With the general elections coming up on Nov. 8, and early voting already underway, it is important to remember that under state and federal law, it is illegal for anyone to intimidate, threaten or coerce voters in an effort to interfere with their right to vote.

“Voting is safe and protected in New York state. Throughout early voting and on Election Day, New Yorkers should be able to proudly cast their ballots without fear of intimidation, unmanageable lines, or inaccessibility,” New York Attorney General Letitia James said in a public statement on voters’ rights.

“Voting is a fundamental right and integral to the sanctity of our democracy, and I urge anyone who encounters obstacles to contact my office. I will not allow anyone to threaten the right to vote in New York state.”

James’ reminders are crucial — some early Crown Heights voters have already made reports about poll harassment, local news site Col Live reported.

The Office of the Attorney General reminds New Yorkers that the following actions are prohibited under New York state law:

  • Requiring an individual to show photo identification to vote
  • State and local employees interfering with or affecting the election
  • Open carry of handguns, or the possession of machine guns and loaded or unloaded assault weapons, as well as the use of firearms or other dangerous instruments to intimidate or harass
  • A member of the United States armed forces preventing, or attempting to prevent, a voter from fully exercising their voting rights through force, threat, intimidation or advice
  • Groups of people organizing as private militias without permission from the state
  • Invading the privacy of a voting booth used by a voter

Voters should be aware of their rights, noting that the following conduct potentially constitutes illegal voter intimidation: Patrolling outside of polling places; poll watchers inside a polling place engaging in aggressive behavior or challenging large groups of voters.
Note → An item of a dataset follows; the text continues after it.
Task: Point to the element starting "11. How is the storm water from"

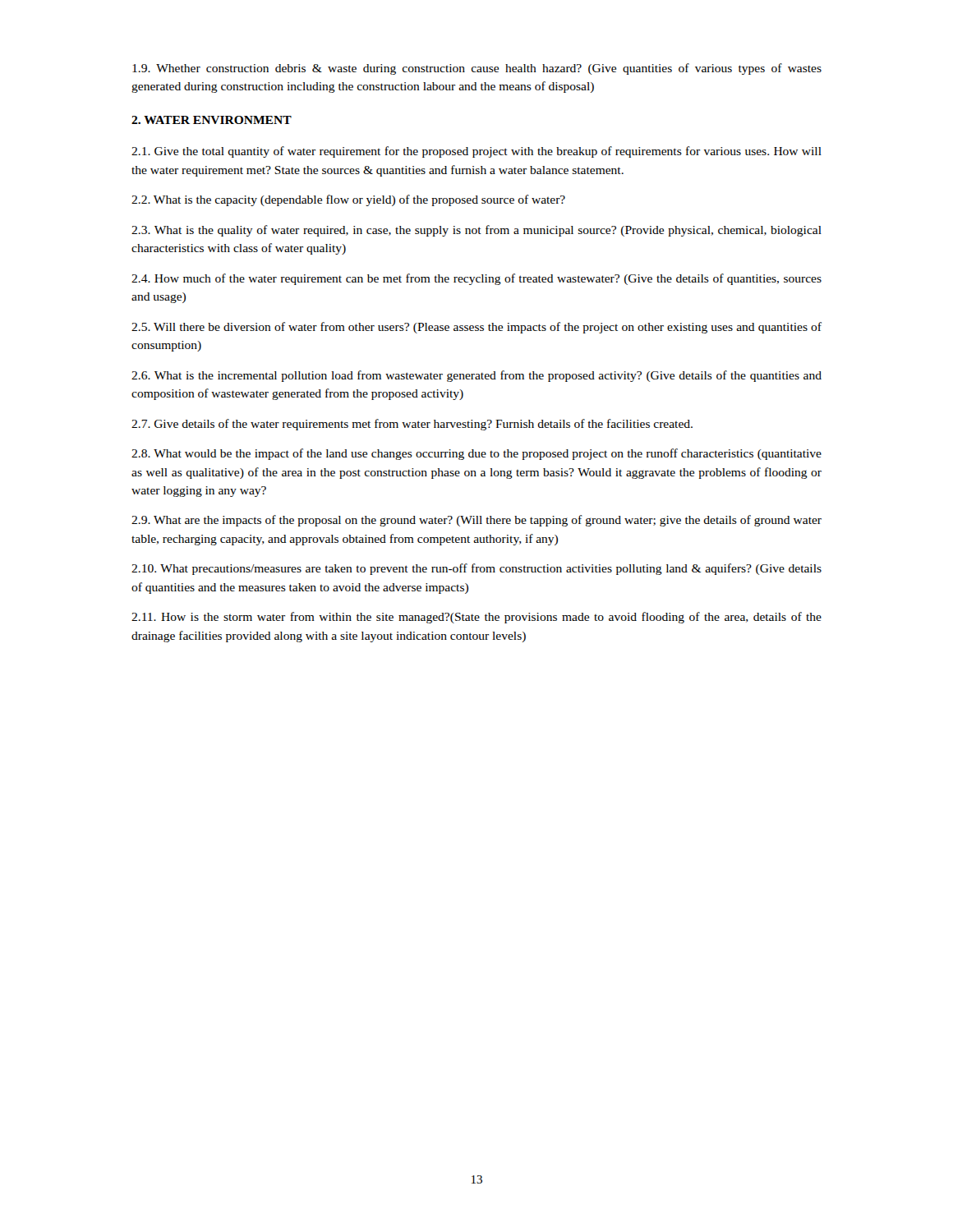Action: click(x=476, y=626)

If voters see behavior leading to long lines or creating false fears that people may be illegally voting, or that there are negative consequences to voting, they should contact OAG’s Election Protection Hotline.
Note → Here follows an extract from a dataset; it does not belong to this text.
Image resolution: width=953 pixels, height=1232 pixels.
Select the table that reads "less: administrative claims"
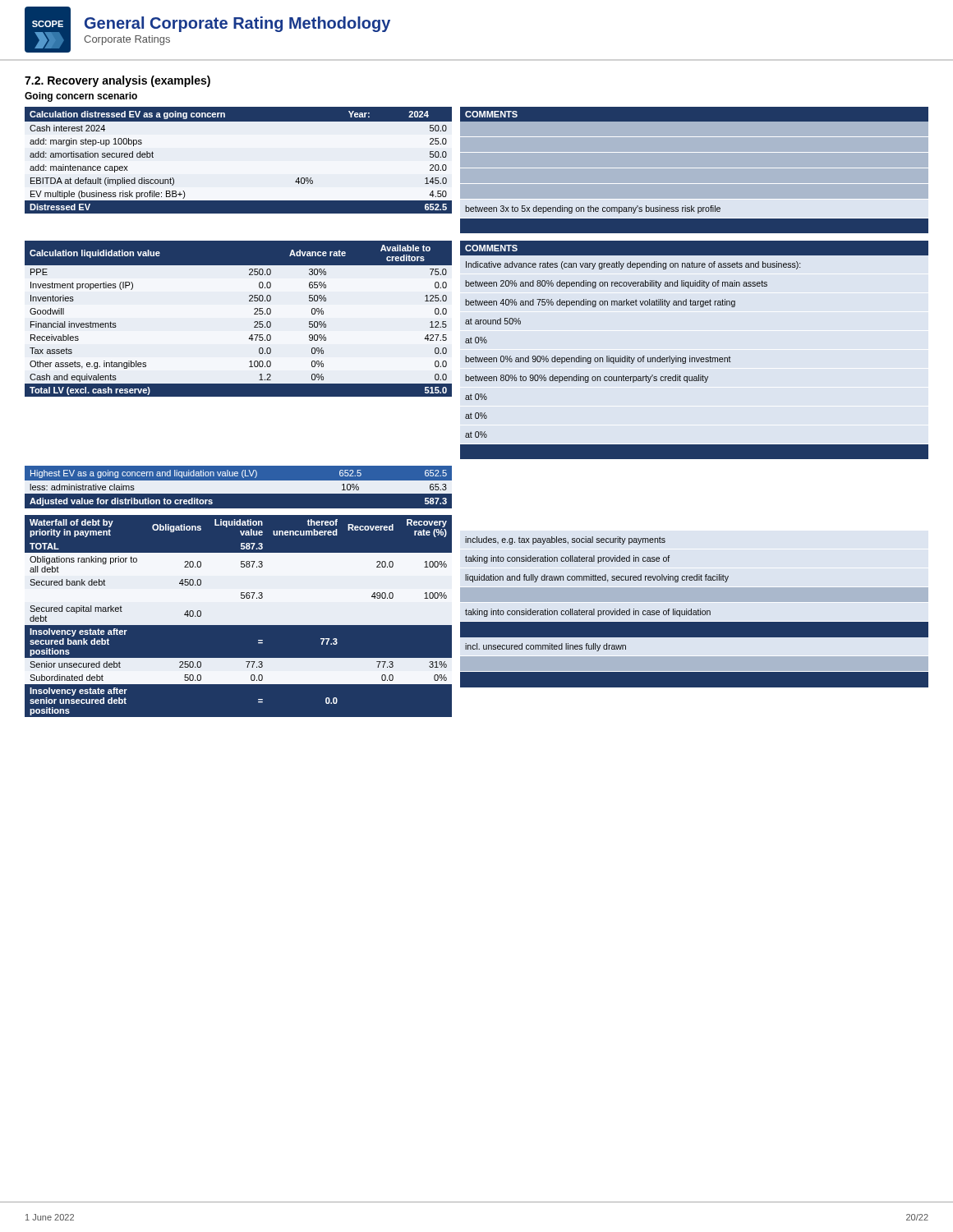pos(238,487)

Voters should also call the hotline if individuals or groups displaying weapons or military uniforms or other military paraphernalia are outside of polling locations.

James also noted that federal law has determined that voter intimidation includes threatening violence against voters, threatening economic boycotts due to voting, following voters to poll sites and speaking loudly about prosecuting them for illegal voting.

Additionally, publicly disseminating voters’ names and addresses to vilify those individuals or conducting patterns of baseless arrests and prosecutions in the vicinity of voter registration meetings are voter intimidation actions.

Attorney General James also sent guidance to local Boards of Election on managing long lines and supporting voters with disabilities at high-traffic poll sites. More than 20% of New Yorkers have a disability, so it is crucial for BOEs and poll workers to ensure voting is accessible.

New York law does not require the same accommodations for every voter with a disability, so OAG recommends BOEs instruct poll workers to determine the appropriate accommodations on an individualized basis.

Nevertheless, there are a number of best practices BOEs should employ when assisting voters with disabilities and implementing reasonable accommodations, including but not limited to:

  • Instructing poll workers to monitor lines and announce themselves as someone who can provide accommodation to voters with disabilities
  • Providing clear and language-accessible signage throughout the polling location to inform voters with disabilities of the availability of accommodations
  • Providing voters with disabilities with chairs if they are unable to stand for long periods of time and assisting such voters as necessary as the line moves forward
  • Ensuring access to restrooms
  • Implementing “placeholders” to wait in line in lieu of voters with disabilities
  • Maintaining separate, expedited lines for voters with disabilities
  • Escorting voters with disabilities to the front of the line.

New Yorkers who observe any illegal conduct are encouraged to contact OAG’s Election Protection Hotline by calling (866) 390-2992, submitting complaints online, or emailing [email protected].

Any emergencies or incidents involving potentially dangerous conduct should be reported to local law enforcement immediately by calling 911.